**Data shown**
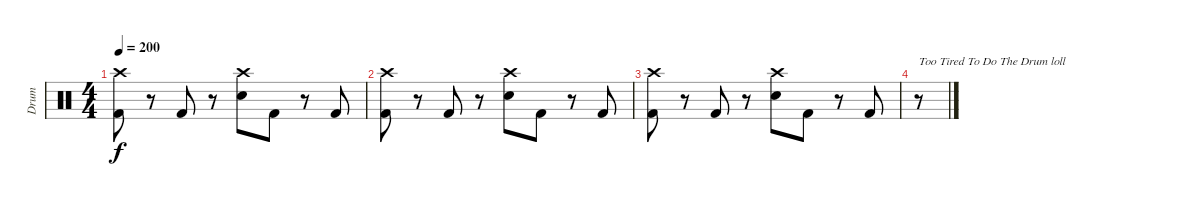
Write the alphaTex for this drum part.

\track ("Drum" "Drum") {instrument percussion}
\staff {score}
\articulation defaults
\ts (4 4)
\tempo 200
\clef neutral
\ks c
("Crash high (hit)" "Kick (hit) 2").8{dy f} r.8 "Kick (hit) 2".8 r.8 ("Crash high (hit)" "Electric Snare (hit)").8 "Kick (hit) 2".8 r.8 "Kick (hit) 2".8 |
("Crash high (hit)" "Kick (hit) 2").8 r.8 "Kick (hit) 2".8 r.8 ("Crash high (hit)" "Electric Snare (hit)").8 "Kick (hit) 2".8 r.8 "Kick (hit) 2".8 |
("Crash high (hit)" "Kick (hit) 2").8 r.8 "Kick (hit) 2".8 r.8 ("Crash high (hit)" "Electric Snare (hit)").8 "Kick (hit) 2".8 r.8 "Kick (hit) 2".8 |
r.8{txt "Too Tired To Do The Drum loll"}

**Your objective**
Return the material in full and unaltered, minus its pictures.

**Answer box**
Write the alphaTex for this drum part.

\track ("Drum" "Drum") {instrument percussion}
\staff {score}
\articulation defaults
\ts (4 4)
\tempo 200
\clef neutral
\ks c
("Crash high (hit)" "Kick (hit) 2").8{dy f} r.8 "Kick (hit) 2".8 r.8 ("Crash high (hit)" "Electric Snare (hit)").8 "Kick (hit) 2".8 r.8 "Kick (hit) 2".8 |
("Crash high (hit)" "Kick (hit) 2").8 r.8 "Kick (hit) 2".8 r.8 ("Crash high (hit)" "Electric Snare (hit)").8 "Kick (hit) 2".8 r.8 "Kick (hit) 2".8 |
("Crash high (hit)" "Kick (hit) 2").8 r.8 "Kick (hit) 2".8 r.8 ("Crash high (hit)" "Electric Snare (hit)").8 "Kick (hit) 2".8 r.8 "Kick (hit) 2".8 |
r.8{txt "Too Tired To Do The Drum loll"}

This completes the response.